Description of the task:
Return the data below exactly, but only from the line containing "Numbers: x, y, z, sx, sy, sz, roll, pitch, yaw." through the line containing "Step one: spot", with both of those lines included.

(Records excerpted from a collection)
'''
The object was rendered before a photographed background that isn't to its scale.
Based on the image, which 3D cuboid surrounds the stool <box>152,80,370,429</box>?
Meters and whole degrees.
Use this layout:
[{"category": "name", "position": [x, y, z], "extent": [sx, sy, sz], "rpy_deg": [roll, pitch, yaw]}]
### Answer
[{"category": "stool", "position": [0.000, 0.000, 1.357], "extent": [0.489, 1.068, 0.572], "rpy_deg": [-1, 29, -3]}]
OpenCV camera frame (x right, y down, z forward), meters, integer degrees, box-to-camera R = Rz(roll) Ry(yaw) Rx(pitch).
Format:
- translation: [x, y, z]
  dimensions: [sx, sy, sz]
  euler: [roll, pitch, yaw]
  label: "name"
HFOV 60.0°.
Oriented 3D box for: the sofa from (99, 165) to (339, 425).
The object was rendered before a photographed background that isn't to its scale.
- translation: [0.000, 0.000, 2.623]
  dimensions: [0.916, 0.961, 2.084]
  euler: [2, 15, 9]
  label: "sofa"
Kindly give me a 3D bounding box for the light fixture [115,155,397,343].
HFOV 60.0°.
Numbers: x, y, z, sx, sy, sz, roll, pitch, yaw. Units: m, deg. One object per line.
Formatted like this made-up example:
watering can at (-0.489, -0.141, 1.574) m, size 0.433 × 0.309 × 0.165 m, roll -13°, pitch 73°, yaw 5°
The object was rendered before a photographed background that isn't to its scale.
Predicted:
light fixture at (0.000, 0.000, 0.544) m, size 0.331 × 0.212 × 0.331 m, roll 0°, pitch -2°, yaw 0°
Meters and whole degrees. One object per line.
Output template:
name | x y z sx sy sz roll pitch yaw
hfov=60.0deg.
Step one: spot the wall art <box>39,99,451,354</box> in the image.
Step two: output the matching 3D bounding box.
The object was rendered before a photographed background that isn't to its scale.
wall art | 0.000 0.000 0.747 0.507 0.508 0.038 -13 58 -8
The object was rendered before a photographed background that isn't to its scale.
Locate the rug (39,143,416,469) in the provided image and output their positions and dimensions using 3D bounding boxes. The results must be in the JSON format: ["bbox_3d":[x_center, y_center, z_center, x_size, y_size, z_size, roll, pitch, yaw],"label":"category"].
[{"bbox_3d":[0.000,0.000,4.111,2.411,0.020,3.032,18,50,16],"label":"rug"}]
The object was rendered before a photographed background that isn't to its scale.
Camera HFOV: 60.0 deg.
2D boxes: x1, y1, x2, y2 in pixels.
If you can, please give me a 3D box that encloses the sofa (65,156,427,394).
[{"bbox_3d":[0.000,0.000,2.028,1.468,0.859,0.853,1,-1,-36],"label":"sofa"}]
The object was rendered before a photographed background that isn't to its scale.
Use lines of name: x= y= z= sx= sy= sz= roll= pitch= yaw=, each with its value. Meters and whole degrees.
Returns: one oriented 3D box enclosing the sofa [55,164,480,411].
'''
Exercise answer:
Numbers: x, y, z, sx, sy, sz, roll, pitch, yaw. Units: m, deg. One object per line.
Formatted like this made-up example:
watering can at (-0.489, -0.141, 1.574) m, size 0.433 × 0.309 × 0.165 m, roll -13°, pitch 73°, yaw 5°
The object was rendered before a photographed background that isn't to its scale.
Predicted:
light fixture at (0.000, 0.000, 0.544) m, size 0.331 × 0.212 × 0.331 m, roll 0°, pitch -2°, yaw 0°
Meters and whole degrees. One object per line.
Output template:
name | x y z sx sy sz roll pitch yaw
hfov=60.0deg.
Step one: spot the wall art <box>39,99,451,354</box> in the image.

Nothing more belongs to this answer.